What all could it do? or How could this technology help us?
Think of a situation where you want to predict how well your product will perform in the market. You have the data of all the previous products, their market performances and the parameters that affected its performance. Using this data, you could train a model to predict the current outcome based on the present parametric values and hence take strategies to improve its market performance. That’s not all. Read on…
Have you seen robots jumping and running through complex obstacles without failing? Wonder how it’s done? Actually, it’s a perfect mix of mechanics, sensors, electronics and finished with the magic of machine learning. They are trained from their own previous experiences of failure or winning on a reward basis (aka. reinforcement learning).
From all the examples we saw in this article, we can say that you could possibly bring wonders to any of your creation using machine learning, which would not have been possible earlier.
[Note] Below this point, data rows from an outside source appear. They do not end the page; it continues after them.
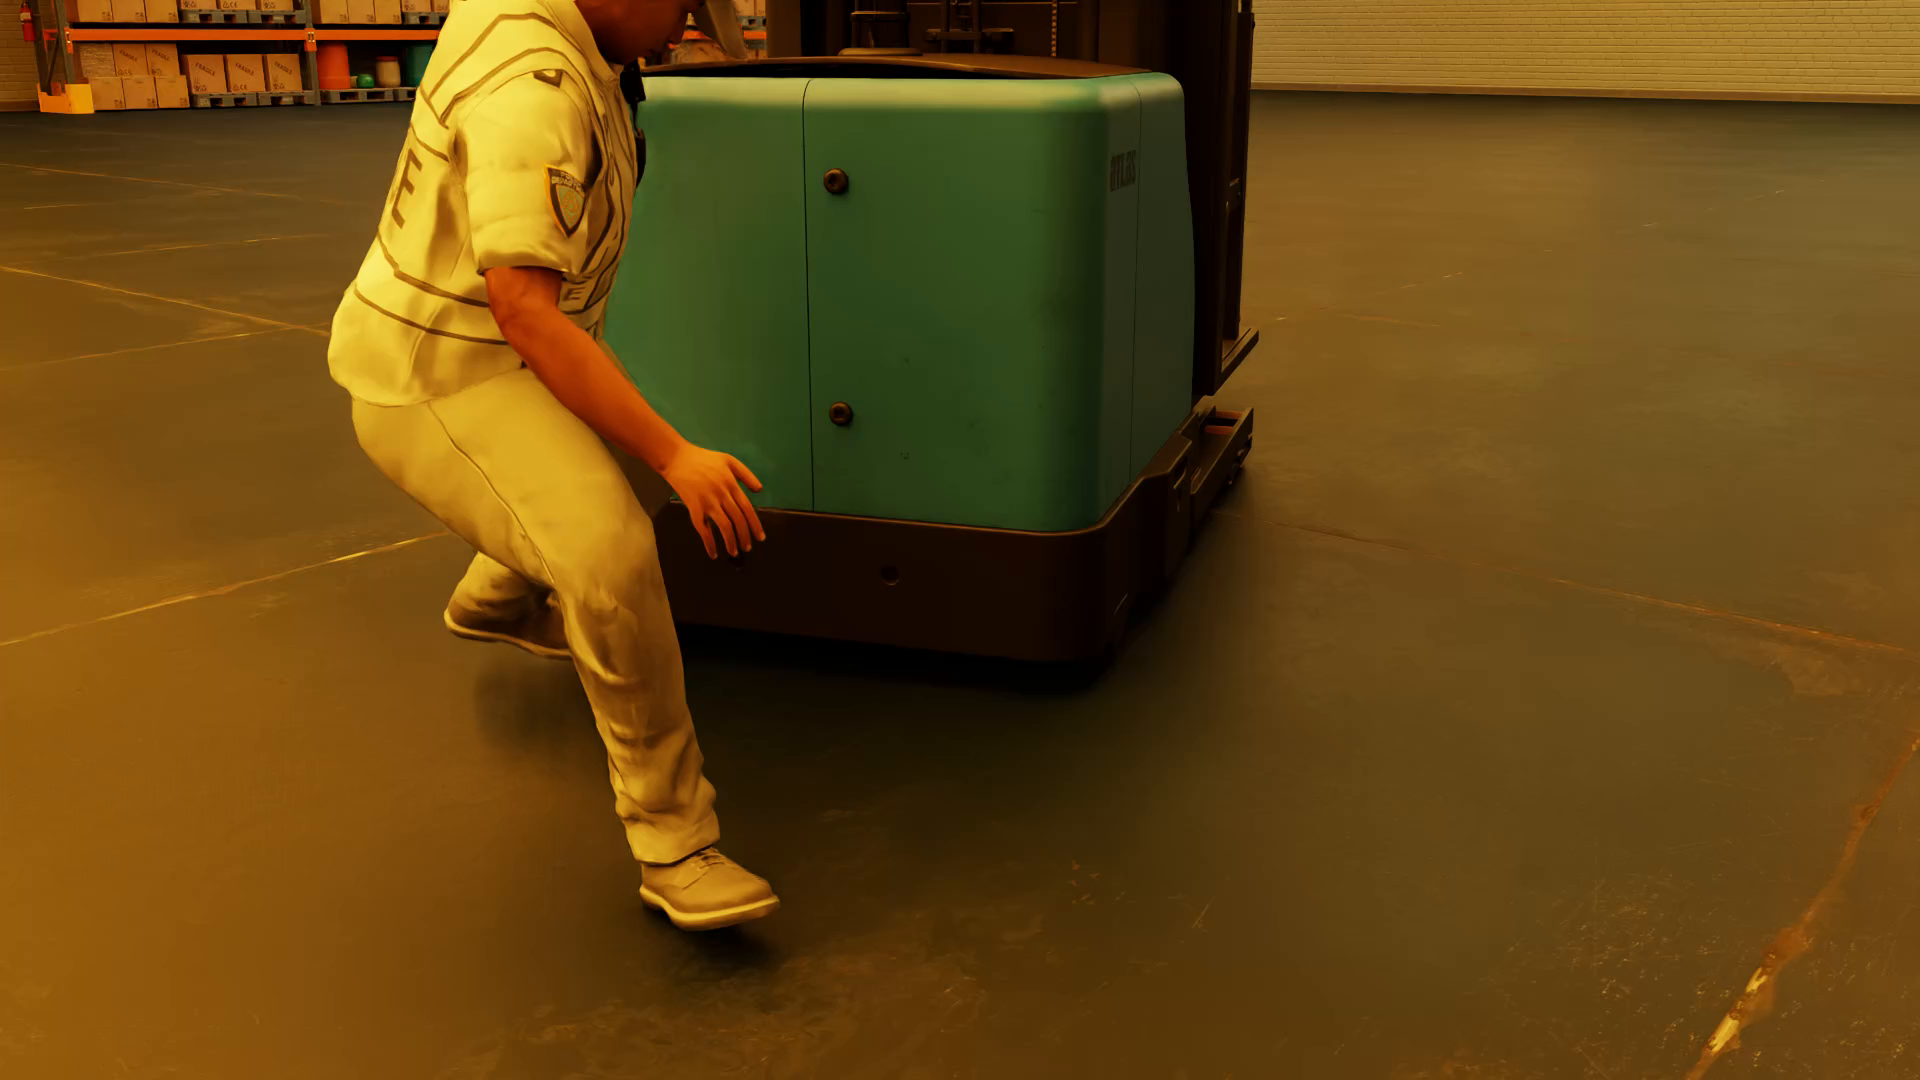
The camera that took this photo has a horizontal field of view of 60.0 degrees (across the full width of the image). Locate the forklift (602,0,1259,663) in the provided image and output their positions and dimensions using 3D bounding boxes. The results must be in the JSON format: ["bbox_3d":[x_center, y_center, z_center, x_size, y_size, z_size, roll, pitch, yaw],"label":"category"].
[{"bbox_3d":[0.182,-1.571,4.072,1.130,2.935,3.031,5,18,17],"label":"forklift"}]

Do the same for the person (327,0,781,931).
[{"bbox_3d":[-0.589,-0.261,2.462,0.687,1.370,1.169,0,17,-2],"label":"person"}]
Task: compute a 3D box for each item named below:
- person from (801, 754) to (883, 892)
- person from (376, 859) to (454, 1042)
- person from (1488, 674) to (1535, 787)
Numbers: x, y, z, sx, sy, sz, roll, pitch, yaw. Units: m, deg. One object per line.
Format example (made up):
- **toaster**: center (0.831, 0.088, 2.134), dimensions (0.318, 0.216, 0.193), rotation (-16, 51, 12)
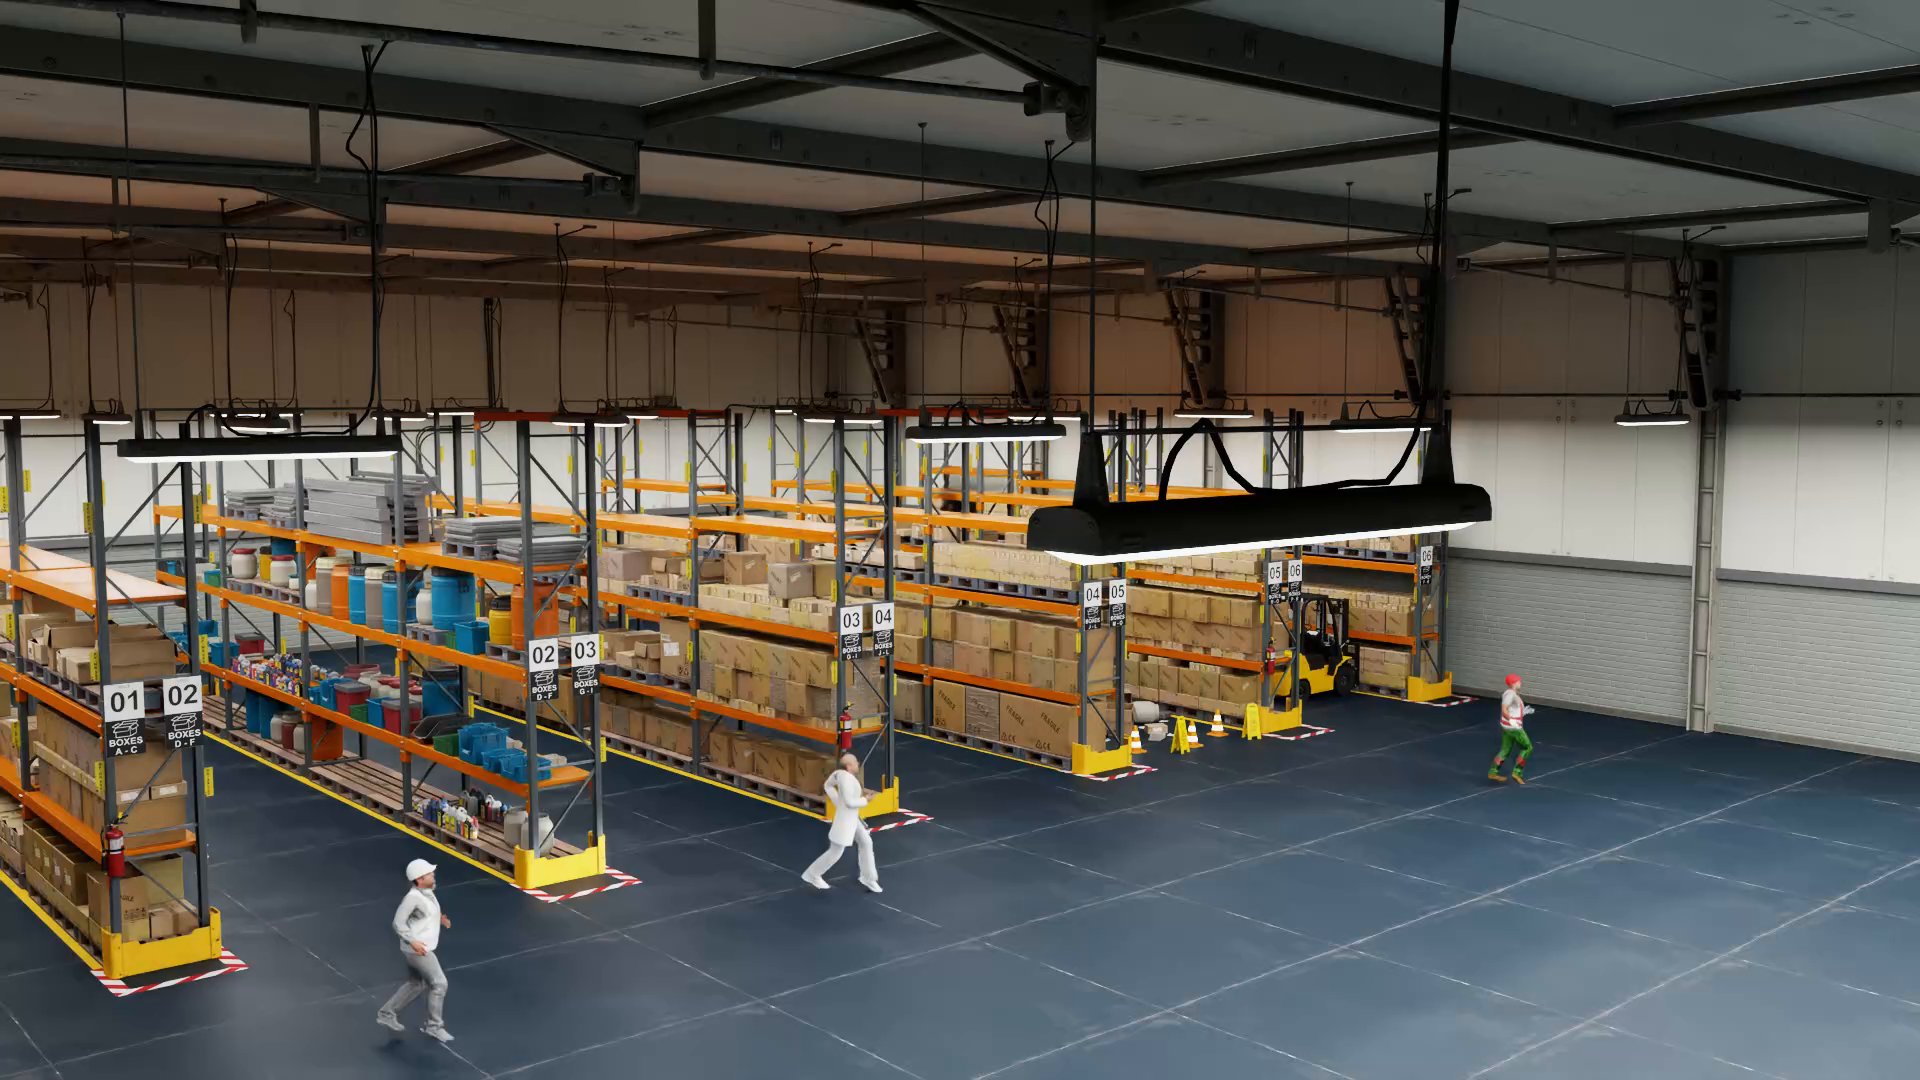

It’s in great demand. Yes, you heard it right. Almost all the tech-giants need Machine learning engineers for one purpose or the other, ranging from analyzing business growth to creating self-driving cars and intelligent robots. Just look at the smartphone that you have in your hand right now. The camera, Google assistant, Google photos, Spotify, Flipkart, Amazon app, all these runs on top of Machine Learning. Camera apps these days use AI to detect scenes and optimize the image to make it look professional. Google photos use ML to detect faces in the photos from your gallery and classify it. Spotify uses the list of the music you listen to suggest new music based on your taste. Flipkart uses it to suggest products based on what you are in search of. Likewise, most of the companies and applications that you come across every day have people working on machine learning.
Seems pretty interesting, right? Wish to learn it?
Where to learn?
The best and easiest way to get started is to just Google “Machine Learning” or “Machine Learning tutorials”. Google gives you the best suggestions.
You could take a course on learning platforms like Udacity or Udemy. That way, you could get certified at the same time. Or just Google “MLCC” to get some free content on Machine Learning by Google.
You could also find a lot of research papers and open-source guides on machine learning, even in your own language.
Learn from engaging with communities dedicated to machine learning and AI like the KeralaAI Initiative, Google Developer Groups, School of AI, etc.
Learn from attending workshops on Machine learning or attending a machine learning crash course.
If you are in Kerala pursuing Engineering, you could take the Machine Learning course by ASAP, which is a one year program, focusing on core machine learning, mathematics, and algorithms. That way, you could get a deeper understanding of the field.